An ink jet apparatus according to claim 1, wherein said air discharge ports (1) and said ink discharge ports (4) respectively form at least one row so that each of said air discharge ports (1) is substantially coaxially aligned with an associated one of said ink discharging ports (4), and wherein said second electrode means (23) comprises a band-type electrode having a resistivity within the range of approximately 18.9 to 100 µΩcm.
An ink jet apparatus according to claim 2, wherein said band-type electrode is formed of chromium.
An ink jet apparatus according to claim 1, wherein said first electrode means (15) comprises a plurality of electrodes each of which surrounds a corresponding one of said ink discharge ports (4).
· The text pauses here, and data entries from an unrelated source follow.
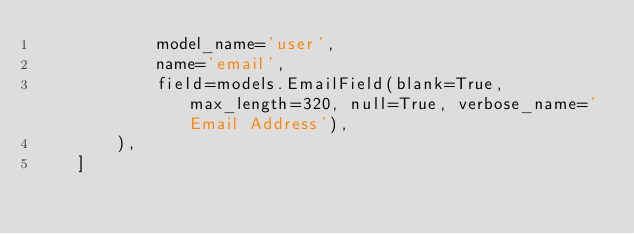Convert code to text. <code><loc_0><loc_0><loc_500><loc_500><_Python_>            model_name='user',
            name='email',
            field=models.EmailField(blank=True, max_length=320, null=True, verbose_name='Email Address'),
        ),
    ]
</code> 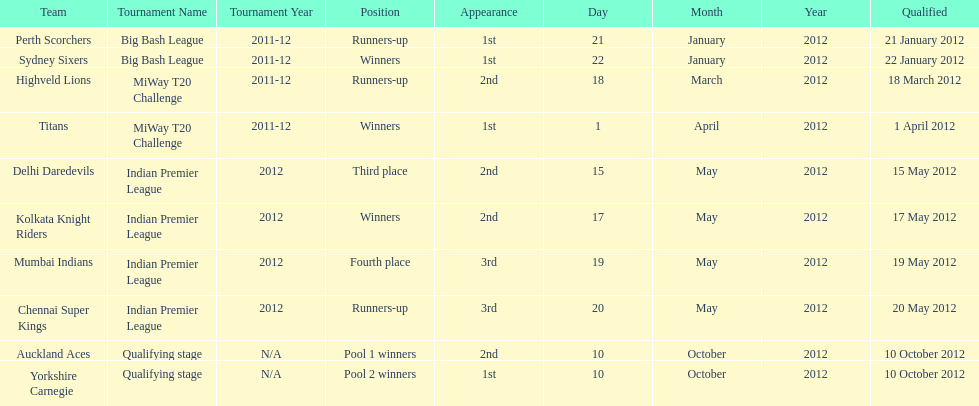Did the titans or the daredevils winners? Titans.

An ink jet apparatus having:
an ink nozzle plate (14) having at least one ink discharge port (4) for discharging ink;
an air nozzle plate (2) having at least one air discharge port (1) which faces a corresponding one of said ink discharge ports (4) and is for discharging air;
electric field means for providing said ink with an electric field so as to cause said ink to be projected toward said air discharge ports (1);
air supplying means for supplying air so as to transport ink from said ink discharge ports (4) toward said air discharge ports (1) and so as to eject said ink from said air discharge ports (1) by cooperating with said electric field means;
first electrode means (15) disposed on said ink nozzle plate (14) and least surrounding each of said ink discharge ports (4); and
second electrode means (23) disposed on said air nozzle plate (2) and at least surrounding each of said air discharge ports (1), said first and second electrode means (15,23) being used at least for generating said electric field,
characterized by humidity absorbing means (50) for reducing the humidity of said air to be discharged by said air discharge ports (1), said humidity absorbing means (50) comprising at least two containers each of which has an absorbent material and a heater, and further has control means for controlling said containers so that one container is used for reducing said humidity of said air and the other container is used for reclaiming said absorbent material.
An ink jet apparatus according to claim 5, wherein said air discharge ports (1) and said ink discharge ports (4) respectively form at least one row so that each of said air discharge ports (1) is substantially coaxially aligned with an associated one of said ink discharging ports (4), and wherein said first electrode means (15) comprises a plurality of electrodes each of which surrounds a corresponding one of said ink discharge ports (4) and said second electrode means (23) comprises a band-type electrode.